**ENTRIES PROVIDED**
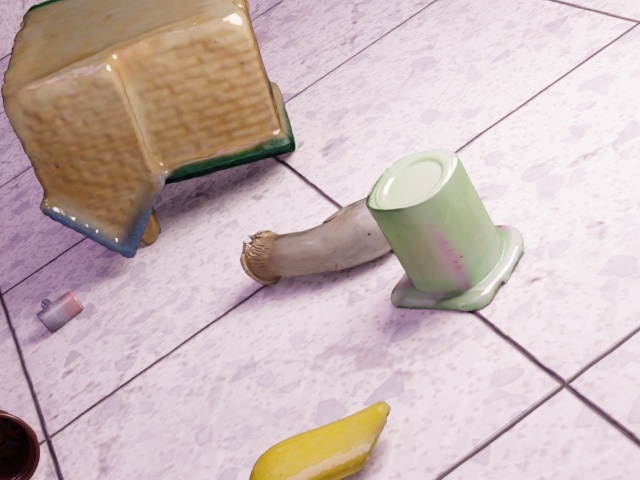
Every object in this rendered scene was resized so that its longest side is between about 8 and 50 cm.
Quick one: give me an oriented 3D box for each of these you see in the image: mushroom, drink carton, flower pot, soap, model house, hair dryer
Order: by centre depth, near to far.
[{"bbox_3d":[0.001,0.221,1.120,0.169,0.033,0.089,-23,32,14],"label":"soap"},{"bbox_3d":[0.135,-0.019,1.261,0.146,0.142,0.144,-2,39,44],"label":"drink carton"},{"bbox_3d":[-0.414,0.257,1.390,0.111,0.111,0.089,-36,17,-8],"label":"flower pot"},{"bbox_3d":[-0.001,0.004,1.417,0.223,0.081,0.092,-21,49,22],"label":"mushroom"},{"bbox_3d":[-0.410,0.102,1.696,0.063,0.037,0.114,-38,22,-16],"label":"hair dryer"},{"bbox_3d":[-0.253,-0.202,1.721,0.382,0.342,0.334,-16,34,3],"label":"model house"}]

--

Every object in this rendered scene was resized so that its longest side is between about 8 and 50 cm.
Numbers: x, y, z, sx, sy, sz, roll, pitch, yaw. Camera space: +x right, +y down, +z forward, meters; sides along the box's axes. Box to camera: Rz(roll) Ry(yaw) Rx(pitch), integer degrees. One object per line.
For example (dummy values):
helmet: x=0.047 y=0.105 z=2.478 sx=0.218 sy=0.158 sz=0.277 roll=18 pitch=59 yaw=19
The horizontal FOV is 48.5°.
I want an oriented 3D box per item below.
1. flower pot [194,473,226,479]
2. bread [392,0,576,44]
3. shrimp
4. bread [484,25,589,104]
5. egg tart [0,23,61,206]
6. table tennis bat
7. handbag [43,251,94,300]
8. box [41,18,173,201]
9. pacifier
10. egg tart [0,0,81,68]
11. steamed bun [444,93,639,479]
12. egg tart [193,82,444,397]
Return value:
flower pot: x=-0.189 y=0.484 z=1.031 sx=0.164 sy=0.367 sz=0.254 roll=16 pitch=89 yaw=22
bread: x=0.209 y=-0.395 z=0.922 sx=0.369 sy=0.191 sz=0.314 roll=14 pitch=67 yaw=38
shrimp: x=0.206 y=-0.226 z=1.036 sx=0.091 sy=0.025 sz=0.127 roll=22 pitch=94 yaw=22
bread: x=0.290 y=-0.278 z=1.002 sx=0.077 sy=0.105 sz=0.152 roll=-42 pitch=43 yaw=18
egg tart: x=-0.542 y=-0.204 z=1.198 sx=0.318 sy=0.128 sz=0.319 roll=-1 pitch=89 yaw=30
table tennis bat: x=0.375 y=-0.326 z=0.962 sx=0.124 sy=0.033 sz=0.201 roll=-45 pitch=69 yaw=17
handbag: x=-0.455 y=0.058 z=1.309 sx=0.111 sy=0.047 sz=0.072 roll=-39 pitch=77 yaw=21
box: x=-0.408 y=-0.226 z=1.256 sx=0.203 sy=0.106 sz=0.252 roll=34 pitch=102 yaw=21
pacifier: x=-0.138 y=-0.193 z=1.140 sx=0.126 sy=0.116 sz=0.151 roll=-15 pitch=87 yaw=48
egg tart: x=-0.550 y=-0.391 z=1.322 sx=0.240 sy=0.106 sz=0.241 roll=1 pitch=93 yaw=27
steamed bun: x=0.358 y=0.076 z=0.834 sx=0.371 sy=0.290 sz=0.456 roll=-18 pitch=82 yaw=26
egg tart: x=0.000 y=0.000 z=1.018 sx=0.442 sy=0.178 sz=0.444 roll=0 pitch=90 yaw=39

**ACTIVITY**
In the listing above, find the line containing "10. egg tart [0,0,81,68]" and the line containing "12. egg tart [193,82,444,397]", then quote both, plus every line between them, exactly as written.

**RESULT OF THIS EXERCISE**
10. egg tart [0,0,81,68]
11. steamed bun [444,93,639,479]
12. egg tart [193,82,444,397]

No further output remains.